= People's University of Amsterdam =

The People's University of Amsterdam, also known as Volks Universiteit Amsterdam or Folk University, is a course centre for adults in Amsterdam. Volksuniversiteit Amsterdam was founded in 1913 and has multiple study centres in Amsterdam. Since 2016, the Volksuniversiteit Amsterdam has been working together with the Amsterdam Public Library (Openbare Bibliotheek Amsterdam).

== International analogues ==
The American Chautauqua Institution, originally the Chautauqua Lake Sunday School Assembly, was founded in 1874 "as an educational experiment in out-of-school, vacation learning. It was broadened almost immediately beyond courses for Sunday school teachers to include academic subjects, music, art, and physical education".

In the Netherlands the Volksuniversiteit Amsterdam was founded in 1913 by the Maatschappij tot Nut van't Algemeen. Today there are about 61 Volksuniversities.
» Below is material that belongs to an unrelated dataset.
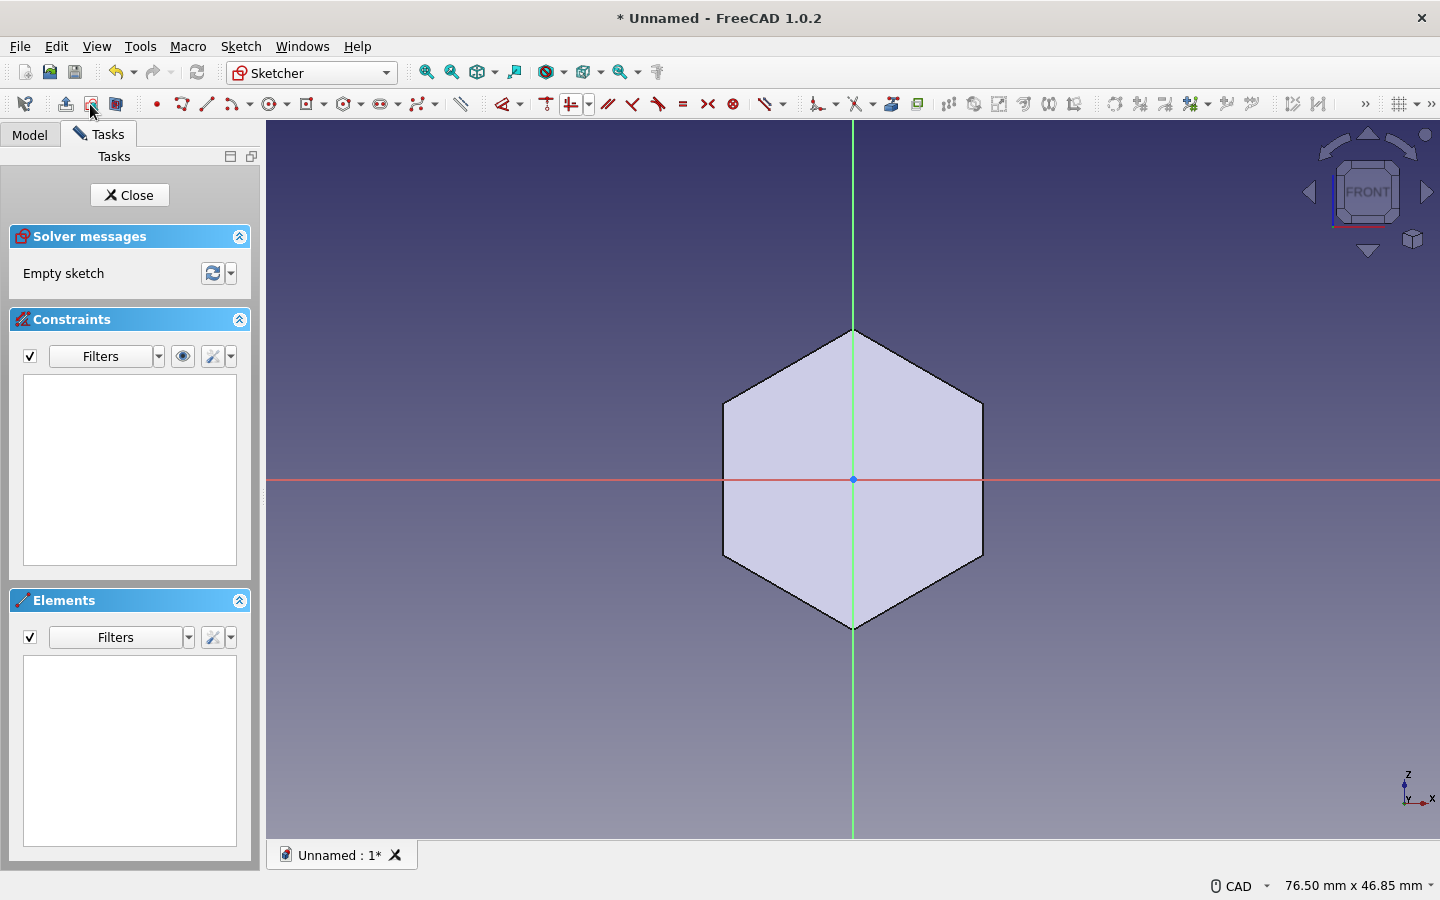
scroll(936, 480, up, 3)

In Flanders they are called Volkshogeschool.

The Freie Deutsche Hochschule (Germany) was founded in Paris on November 19, 1935, as an exile institution. The teaching followed the ideological requirements of the popular front policy. The activities ended with the invasion of German troops in France in 1940. Since 1942, Scandinavia has had the Folkuniversitetet, and in 1959 Slovenia founded the Ljudska Univerza Kocevje.